Chapter 14 #3
“Poor Elki,” I told Brock and Timothy when we rendezvoused in the cafeteria. “It’s JonBenét meets Mama Rose.”
“The shot-putters are really friendly,” said Brock, “but scary, because they’re these beefy giants, who could pick me up and toss me into the bleachers.
When no one was looking I played around with the iron ball, which is actually called the shot.
It weighs a ton, and I tried to cradle it in my neck and spin around but I kept dropping it.
It’s like curling, because all I keep thinking is, I get that these guys are amazing athletes, but why is this a sport?
It’s like trying to bowl while you’re drunk. ”
“I did a little bit of gymnastics in high school,” said Timothy.

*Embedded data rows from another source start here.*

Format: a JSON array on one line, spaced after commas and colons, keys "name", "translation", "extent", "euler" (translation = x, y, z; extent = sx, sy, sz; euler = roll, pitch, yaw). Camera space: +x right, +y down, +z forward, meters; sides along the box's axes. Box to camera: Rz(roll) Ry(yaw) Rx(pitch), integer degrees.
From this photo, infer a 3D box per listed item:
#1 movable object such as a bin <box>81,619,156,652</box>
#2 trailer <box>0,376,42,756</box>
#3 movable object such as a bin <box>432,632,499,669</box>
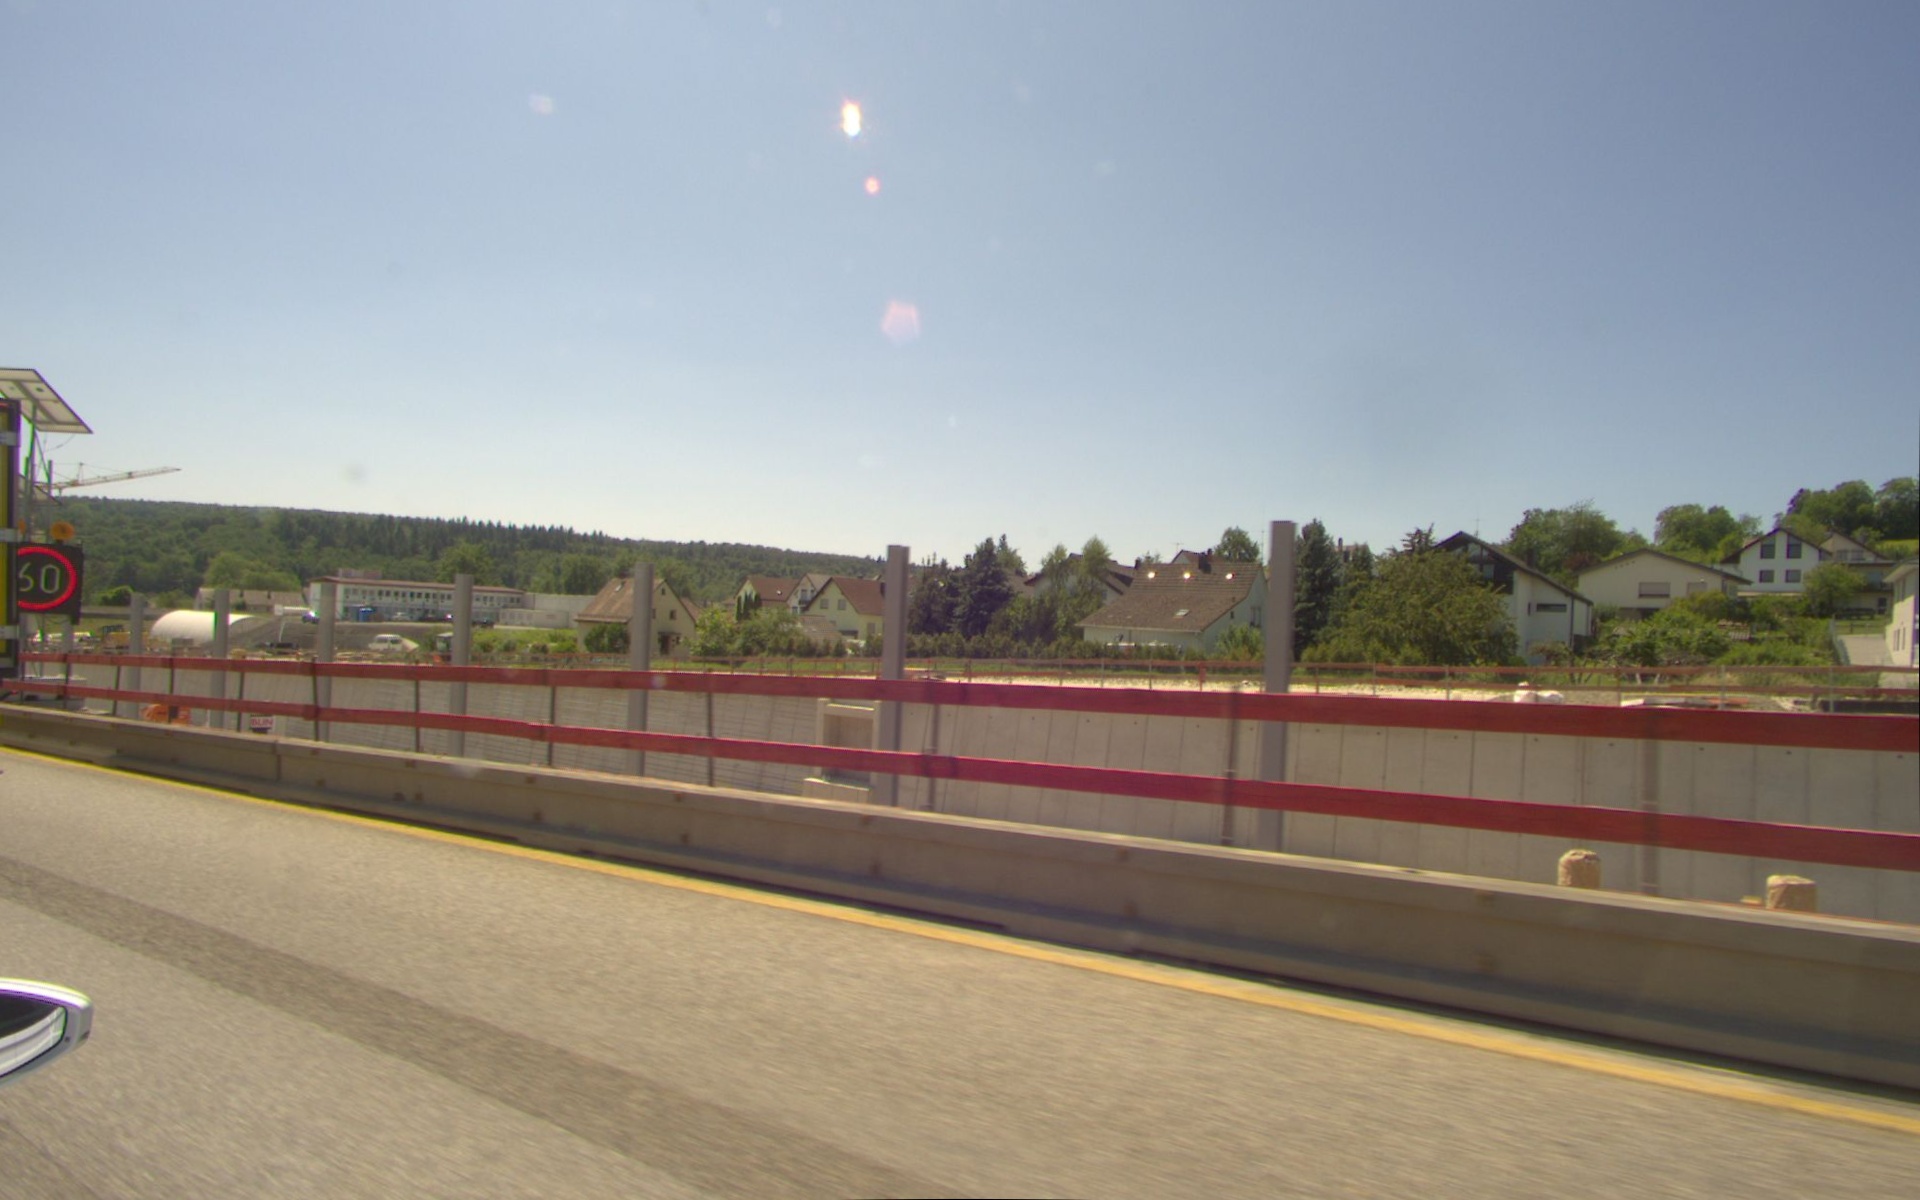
[{"name": "movable object such as a bin", "translation": [-80.076, 3.369, 95.214], "extent": [9.346, 2.946, 2.882], "euler": [-1, -2, 33]}, {"name": "trailer", "translation": [-16.811, -0.259, 13.644], "extent": [13.915, 4.110, 2.796], "euler": [-1, -1, 32]}, {"name": "movable object such as a bin", "translation": [-31.163, 3.164, 63.117], "extent": [4.093, 2.267, 1.990], "euler": [-1, -2, 33]}]
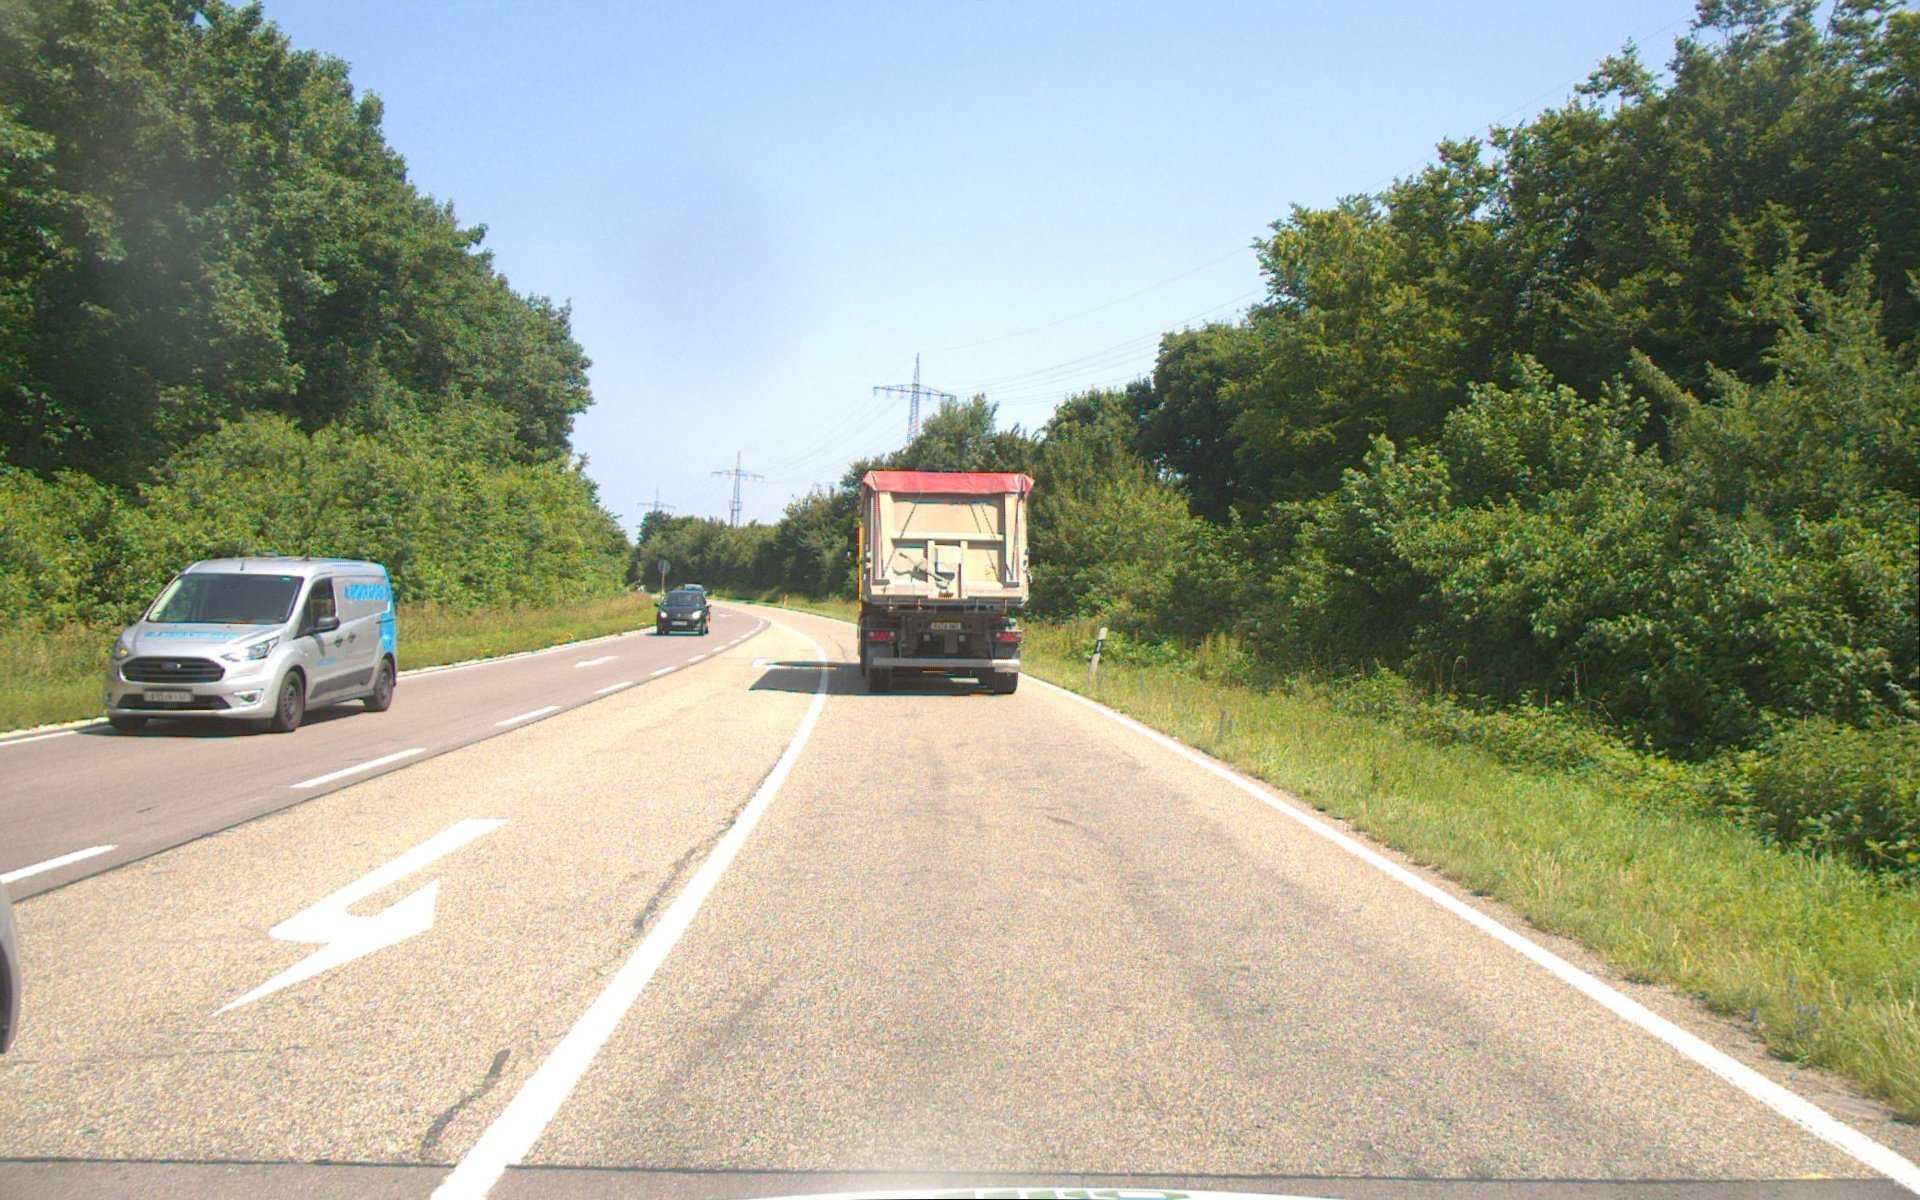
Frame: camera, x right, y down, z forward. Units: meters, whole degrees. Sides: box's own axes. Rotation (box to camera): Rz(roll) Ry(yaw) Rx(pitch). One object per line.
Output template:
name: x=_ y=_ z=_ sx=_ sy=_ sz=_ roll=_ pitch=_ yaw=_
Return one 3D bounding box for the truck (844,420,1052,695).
truck: x=-0.579 y=-0.677 z=30.644 sx=2.837 sy=4.031 sz=11.920 roll=1 pitch=0 yaw=-5

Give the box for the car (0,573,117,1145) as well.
car: x=-3.195 y=0.677 z=2.702 sx=1.674 sy=1.444 sz=4.096 roll=1 pitch=1 yaw=-3

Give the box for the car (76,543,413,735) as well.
car: x=-7.669 y=0.358 z=18.317 sx=1.806 sy=1.810 sz=4.890 roll=1 pitch=0 yaw=-3

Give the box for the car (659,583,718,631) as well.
car: x=-9.203 y=0.228 z=56.278 sx=1.582 sy=1.528 sz=3.550 roll=1 pitch=0 yaw=-3
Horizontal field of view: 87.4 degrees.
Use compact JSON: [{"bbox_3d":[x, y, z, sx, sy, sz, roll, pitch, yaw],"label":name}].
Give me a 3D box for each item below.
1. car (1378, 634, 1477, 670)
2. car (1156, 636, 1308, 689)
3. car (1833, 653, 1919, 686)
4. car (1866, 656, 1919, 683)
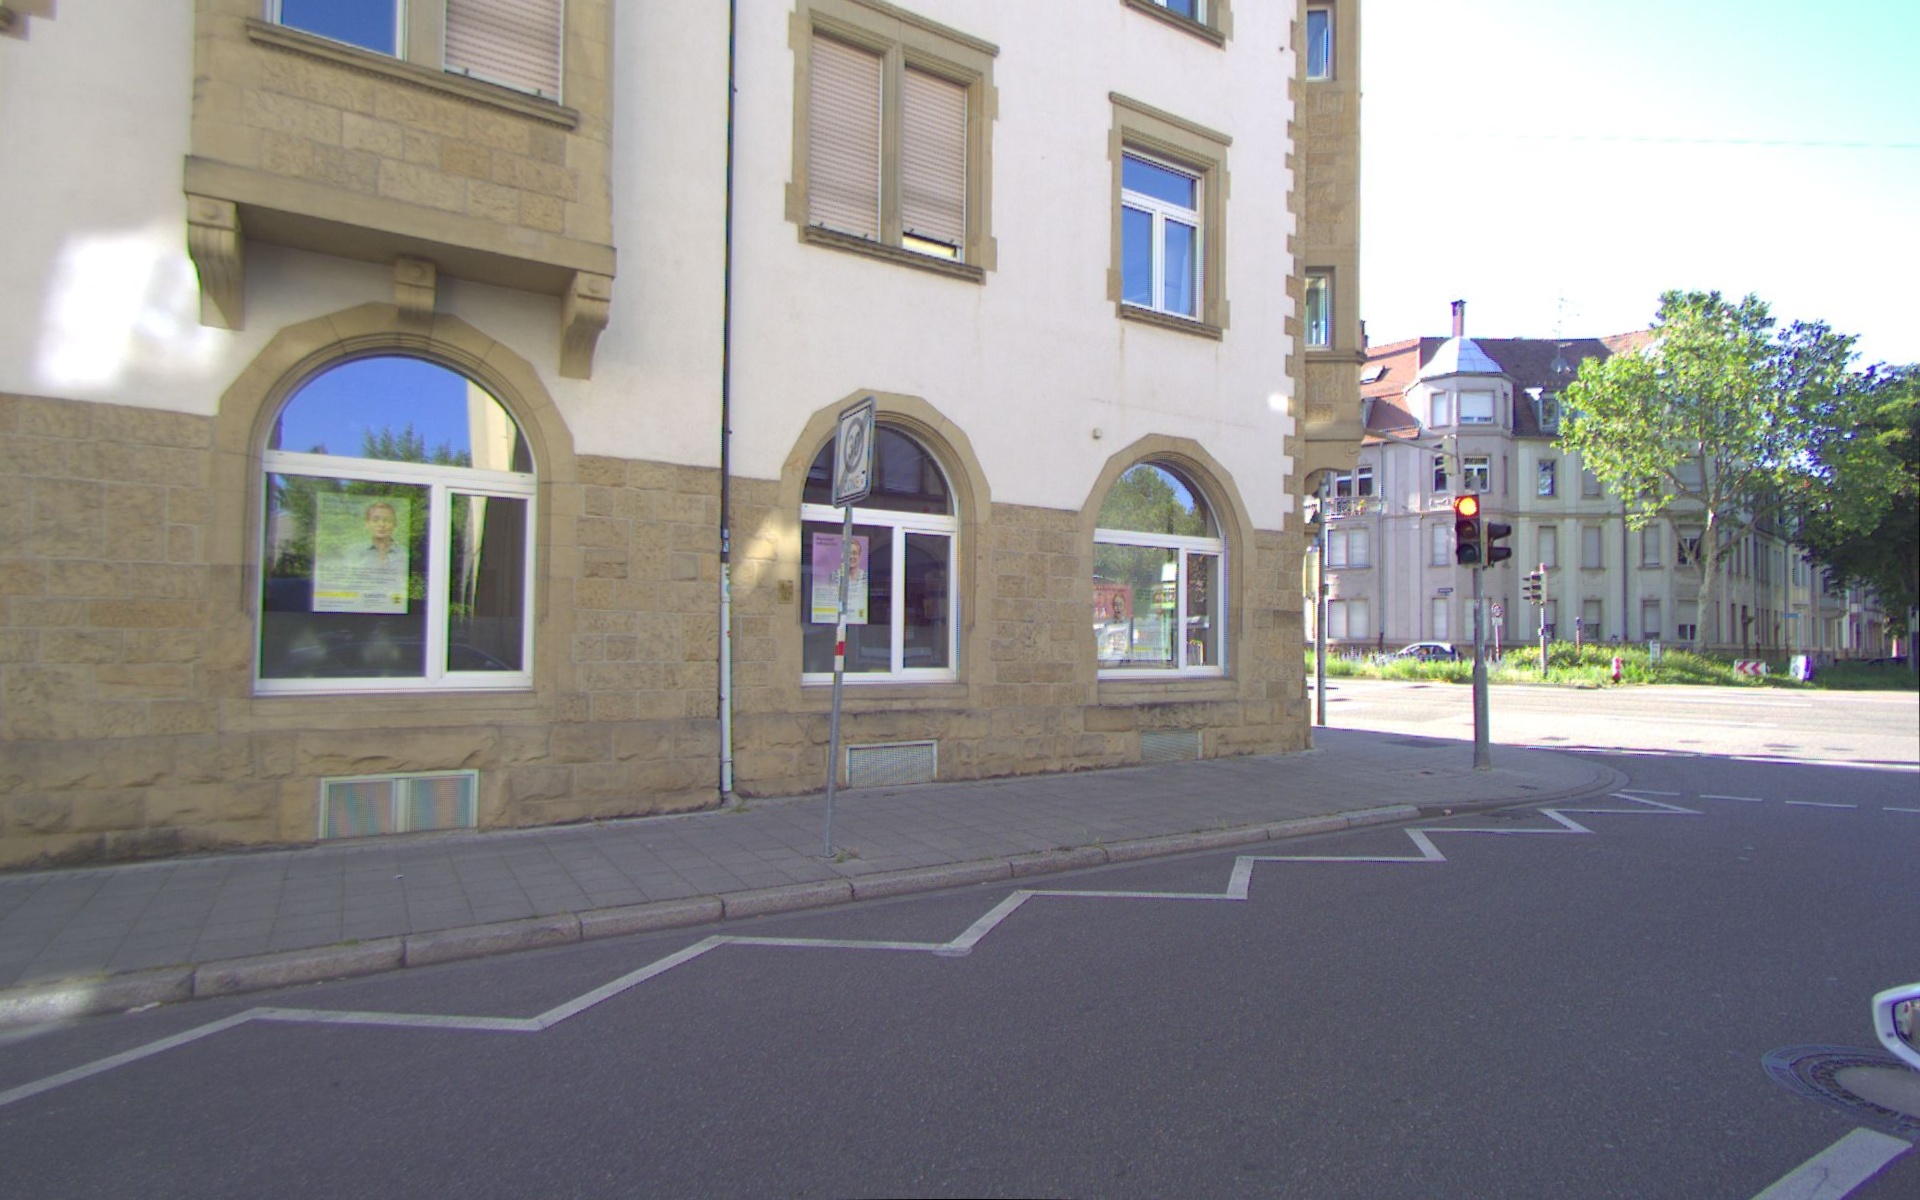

“But the only part I ever really liked was the dismount. I’d practically fall off the pommel horse or barely lift myself up onto the rings, but then I’d copy those twelve-year-old Russian girls and raise my arms and do a big ‘ta-da!’ ”
“And the gymnasts?” asked Brock, in his best cut-the-chitchat tone.
“Well,” said Timothy, “they’re pure muscle, especially their necks. They sort of vibrate, like they’re always about to do a triple somersault over my head and end up behind me. The sex is incredible, because for them it’s cardio.”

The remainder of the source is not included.